TASK TO COMPLETE: Write out, word for word, the line that contains "Every object in" and each line after it down to the last line of the data below. Include nothing more.

(Stored dataset items)
________

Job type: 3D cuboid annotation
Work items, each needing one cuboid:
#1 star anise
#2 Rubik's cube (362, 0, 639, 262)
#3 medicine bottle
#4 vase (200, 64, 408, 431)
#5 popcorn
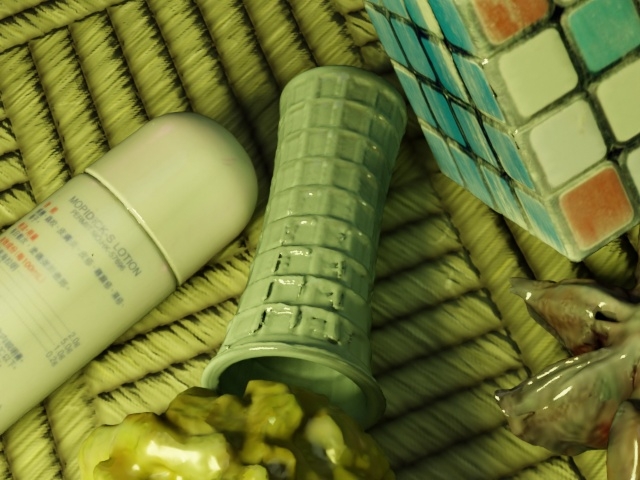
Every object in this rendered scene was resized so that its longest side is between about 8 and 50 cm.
[{"bbox_3d":[0.253,0.104,1.206,0.360,0.139,0.315,-17,43,17],"label":"star anise"},{"bbox_3d":[0.199,-0.179,1.268,0.253,0.259,0.256,-31,25,-9],"label":"Rubik's cube"},{"bbox_3d":[-0.198,0.023,1.347,0.341,0.130,0.130,-41,58,-14],"label":"medicine bottle"},{"bbox_3d":[0.000,0.000,1.318,0.143,0.143,0.298,1,55,13],"label":"vase"},{"bbox_3d":[-0.066,0.199,1.155,0.259,0.212,0.259,-1,64,2],"label":"popcorn"}]

________

COMPLETED TASK:
Every object in this rendered scene was resized so that its longest side is between about 8 and 50 cm.
[{"bbox_3d":[0.253,0.104,1.206,0.360,0.139,0.315,-17,43,17],"label":"star anise"},{"bbox_3d":[0.199,-0.179,1.268,0.253,0.259,0.256,-31,25,-9],"label":"Rubik's cube"},{"bbox_3d":[-0.198,0.023,1.347,0.341,0.130,0.130,-41,58,-14],"label":"medicine bottle"},{"bbox_3d":[0.000,0.000,1.318,0.143,0.143,0.298,1,55,13],"label":"vase"},{"bbox_3d":[-0.066,0.199,1.155,0.259,0.212,0.259,-1,64,2],"label":"popcorn"}]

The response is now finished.